In the late 1940s, after about seven years in Palestine, Briggs returned to England, where he continued to work as a policeman. However, he was only to stay a few years as his spell in Palestine had given him a taste for life in the Middle East. "I think it was the language that made him like the region. To keep his love for the police and for Arabic, he went back to the Middle East," John said. He worked as a policeman in Bahrain before moving to Doha, where he became Commandant of Police. Briggs transferred to the Trucial Oman Scouts, a paramilitary security force, in Sharjah and then was seconded to the police force, working with the late Shaikh Rashid Bin Saeed Al Maktoum, Ruler of Dubai.

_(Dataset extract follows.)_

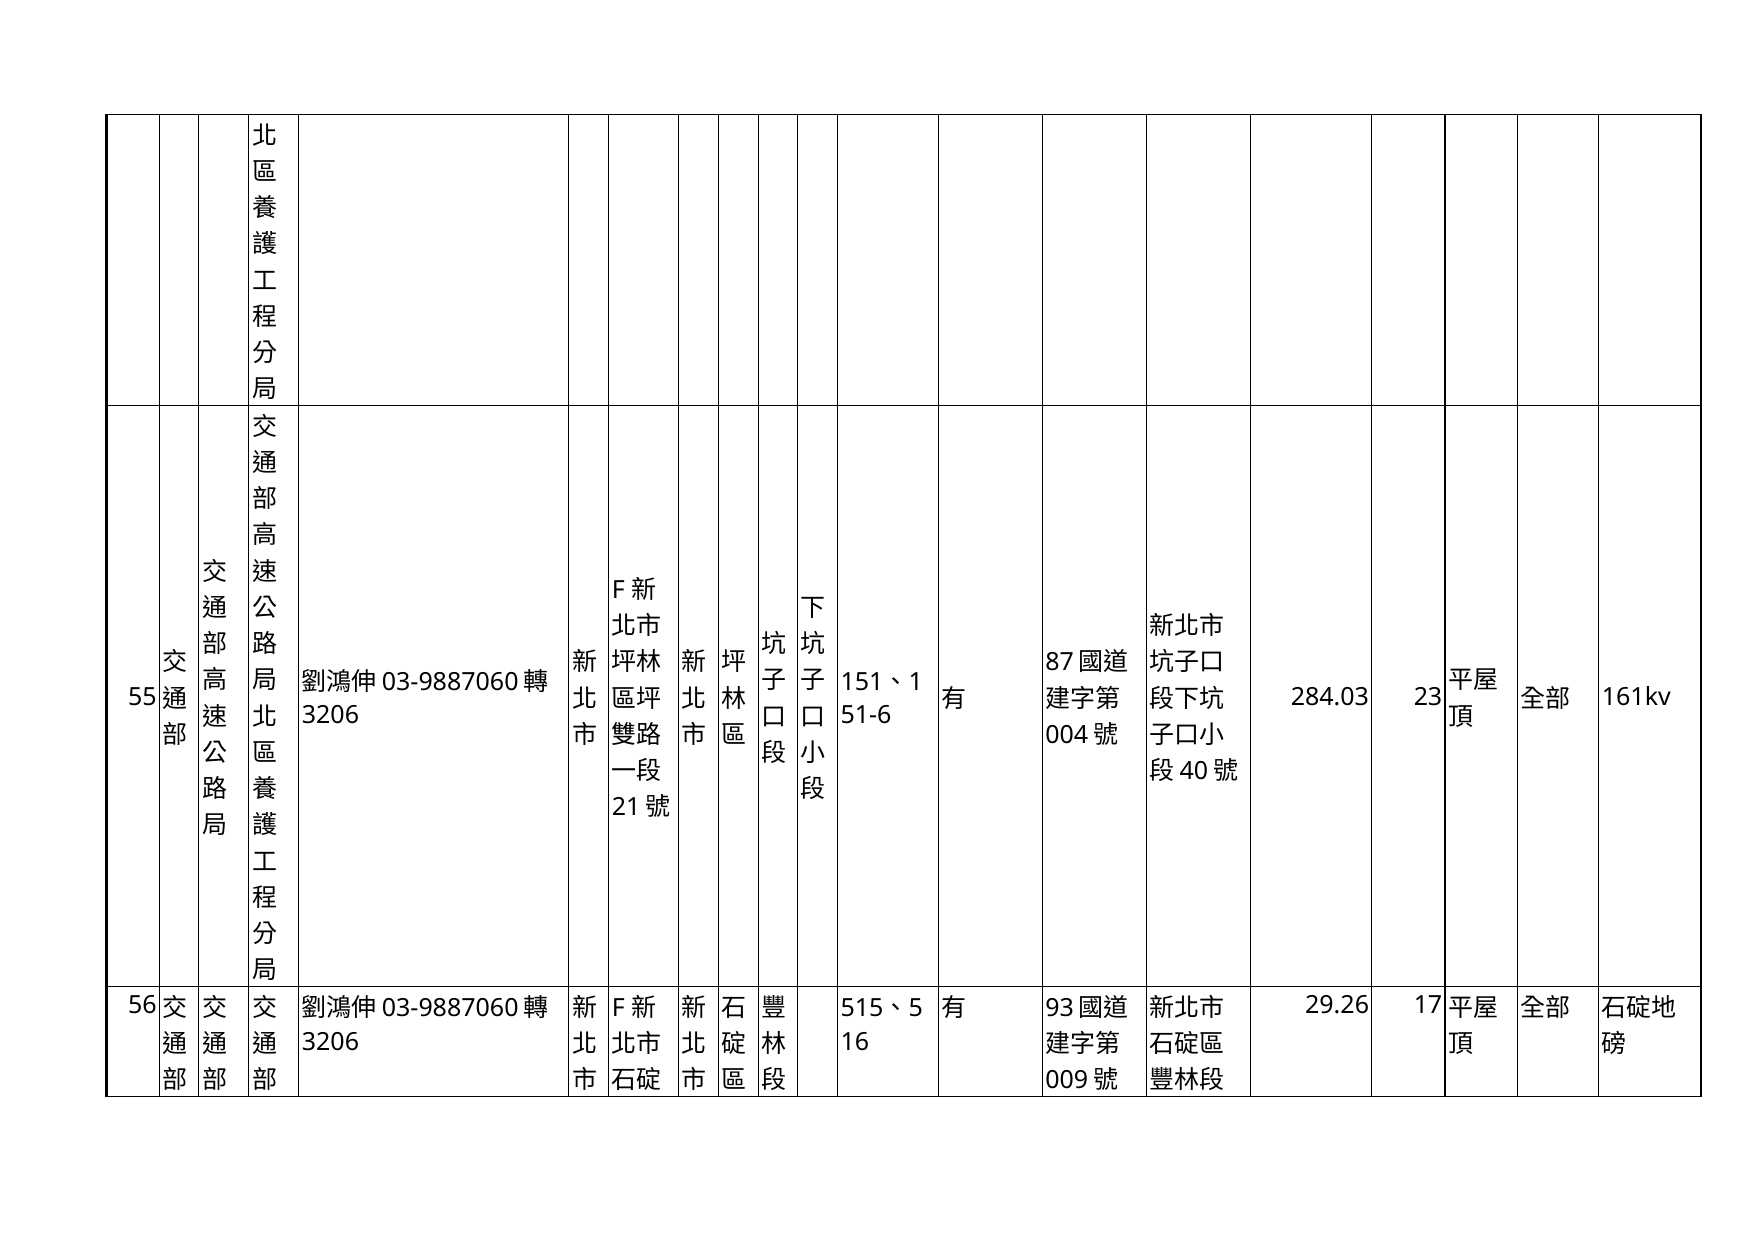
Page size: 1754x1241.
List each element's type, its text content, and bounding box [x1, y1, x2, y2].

In 1965 he was appointed Commandant of Police in Dubai, a post he held for 10 years. He then spent 11 years working as an adviser to the police force until his retirement in 1986. "He believed Shaikh Rashid was a great man and he admired and respected him and all the things he did for Dubai," John said. Briggs's skills as a linguist helped to earn him a degree in classical Arabic from the University of London in the 1960s.
He translated many works from Arabic to English, among them a popular book that is still on sale, The Wink of the Mona Lisa and Other Stories from the Gulf by Mohammed Al Murr. Ian Fairservice, Managing Partner and Group Editor of Motivate Publishing, which publishes some of Briggs's works, said he was "one of the most modest men he had ever met." "He was hugely dedicated to the progress of Dubai. He was a great modernising influence behind the police force. We tried many times to get Jack to write about his life he had some wonderful stories, but he was just far too modest," he said.
Briggs moved permanently back to England in 1996, but continued to visit Dubai regularly. He was here in March last year and was planning another trip in September. Briggs had long been a keen cyclist and it was while he was on his bike a few miles from his home in Hampshire in the south of England that he suffered a heart attack and died on July 26.
He is survived by his wife Cath, 87, whom he married in 1953, along with one daughter, three sons and four grandchildren.